---------- DATA PROVIDED

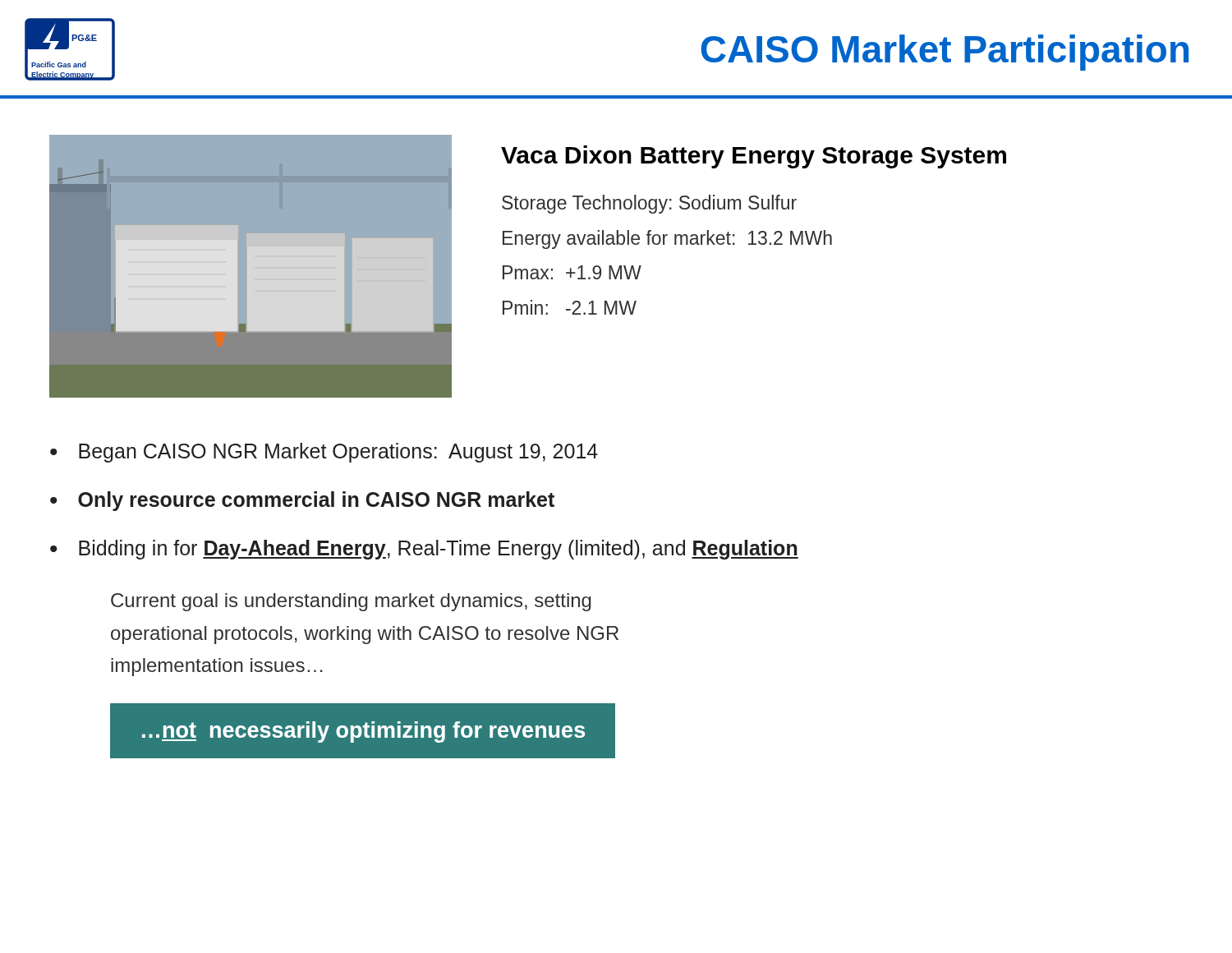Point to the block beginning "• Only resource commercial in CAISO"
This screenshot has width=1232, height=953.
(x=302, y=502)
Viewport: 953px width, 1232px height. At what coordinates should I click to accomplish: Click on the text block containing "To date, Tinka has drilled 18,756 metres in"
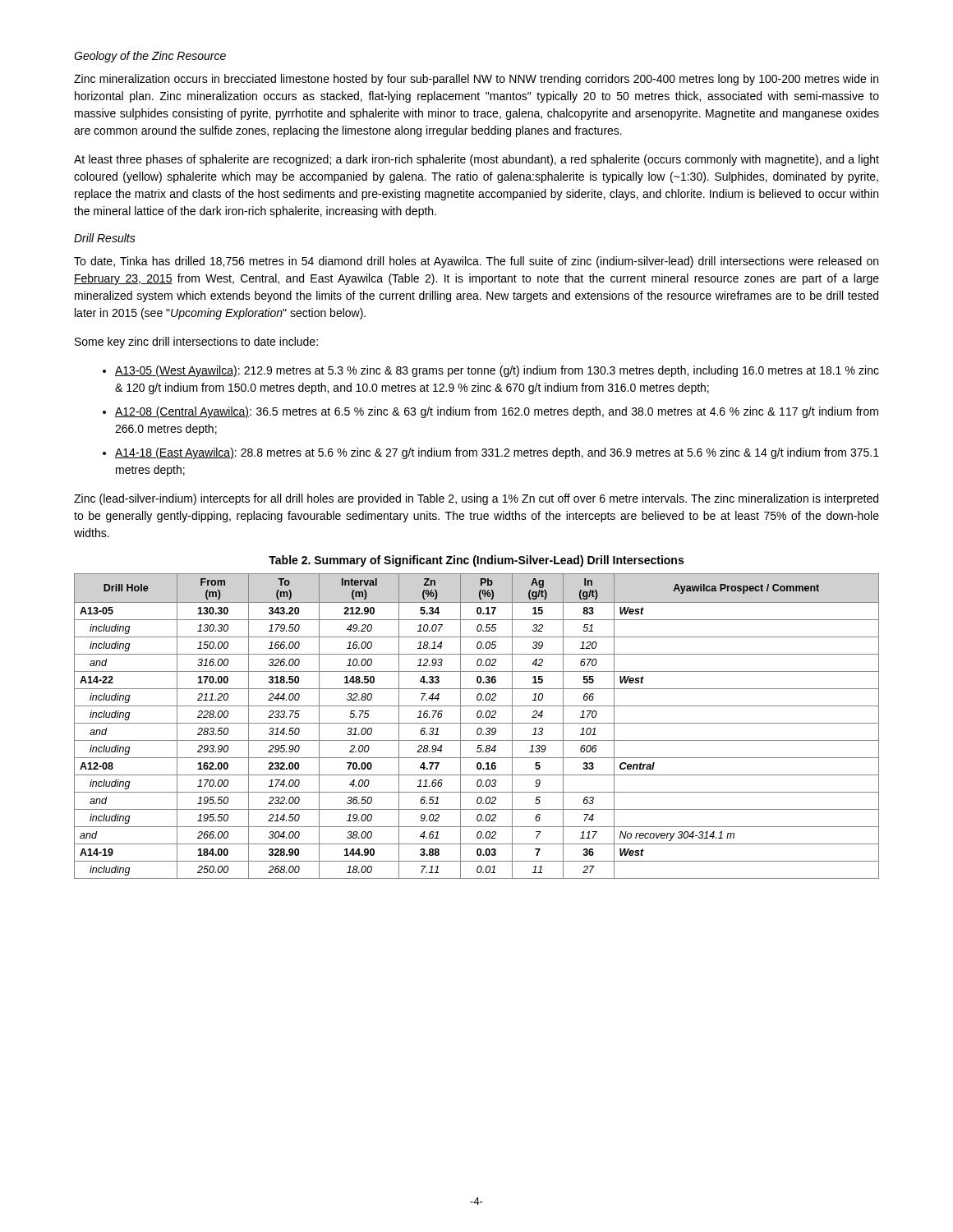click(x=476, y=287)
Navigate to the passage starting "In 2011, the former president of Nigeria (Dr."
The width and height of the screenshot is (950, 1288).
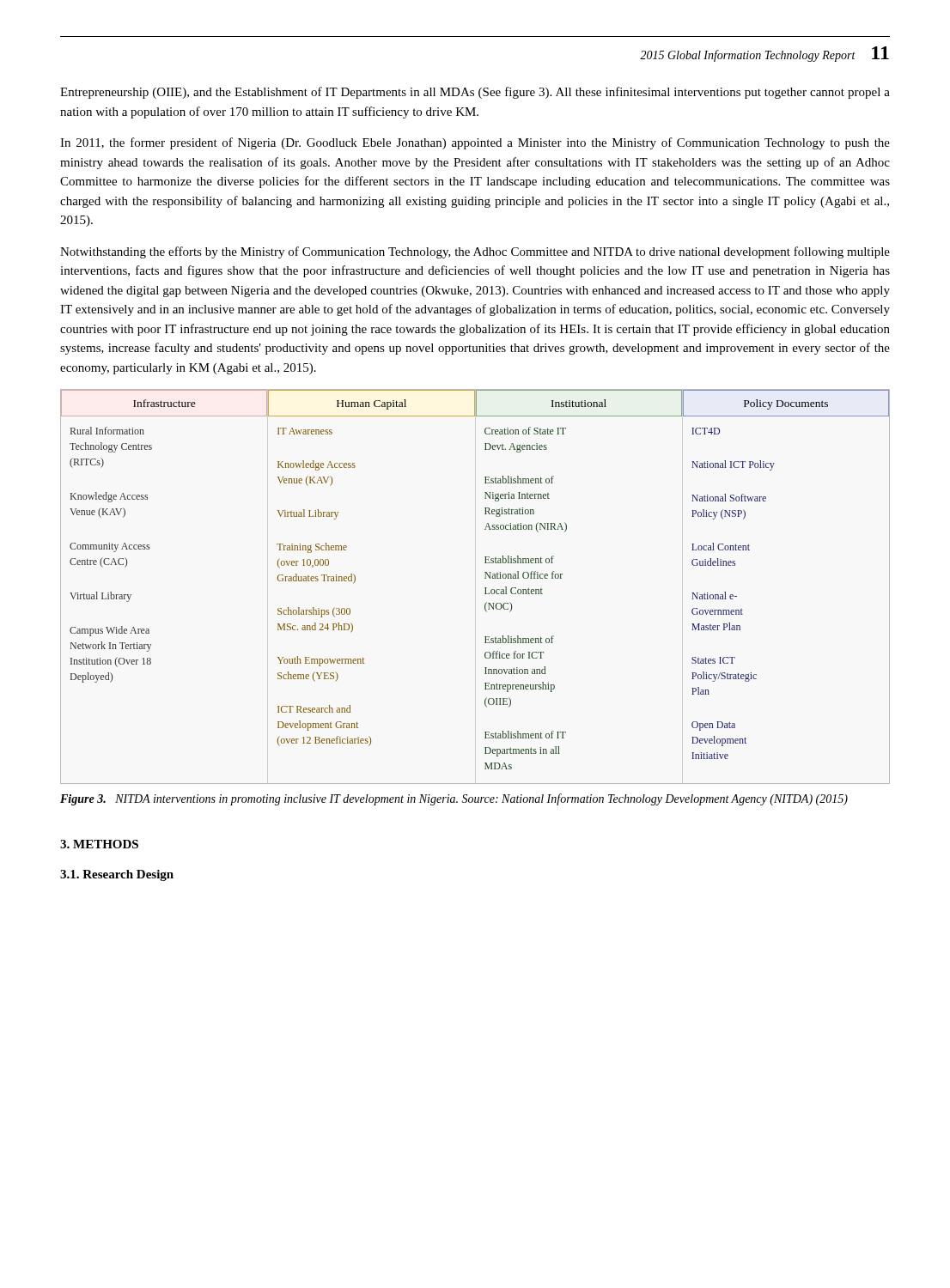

--------------------

*YOUR OBJECTIVE*.
For this exercise, the lines from the one containing "Viewport: 953px width, 1232px" through the last line of the entries above are to be output exactly, both included, and pictures are skipped.

*SOLVED EXERCISE*.
Viewport: 953px width, 1232px height. At what coordinates should I click to accomplish: Click on the text block containing "To date, Tinka has drilled 18,756 metres in"
click(x=476, y=287)
Navigate to the passage starting "In 2011, the former president of Nigeria (Dr."
The width and height of the screenshot is (950, 1288).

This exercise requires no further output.